▸ **PROVIDED DATA**
▶

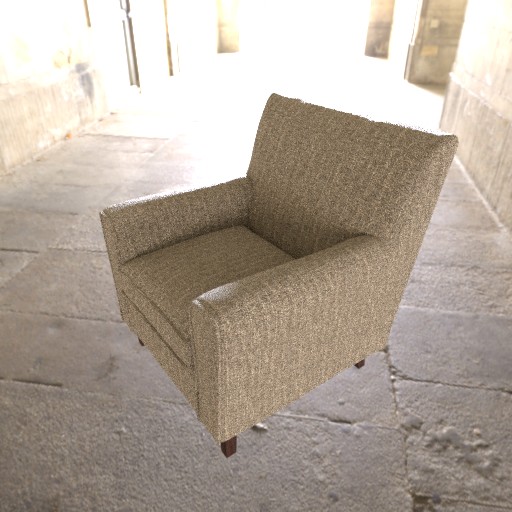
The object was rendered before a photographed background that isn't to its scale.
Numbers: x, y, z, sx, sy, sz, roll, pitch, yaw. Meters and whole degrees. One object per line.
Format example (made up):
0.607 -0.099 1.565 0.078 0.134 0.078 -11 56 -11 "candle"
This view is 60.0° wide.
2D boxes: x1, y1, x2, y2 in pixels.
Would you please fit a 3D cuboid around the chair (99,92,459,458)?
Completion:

◀

▸ **EXERCISE DETAILS**
Each entry is to be given again exactly as it stands, with its pictures removed.

▸ **TASK RESULT**
The object was rendered before a photographed background that isn't to its scale.
Numbers: x, y, z, sx, sy, sz, roll, pitch, yaw. Meters and whole degrees. One object per line.
Format example (made up):
0.607 -0.099 1.565 0.078 0.134 0.078 -11 56 -11 "candle"
This view is 60.0° wide.
2D boxes: x1, y1, x2, y2 in pixels.
Would you please fit a 3D cuboid around the chair (99,92,459,458)?
Completion:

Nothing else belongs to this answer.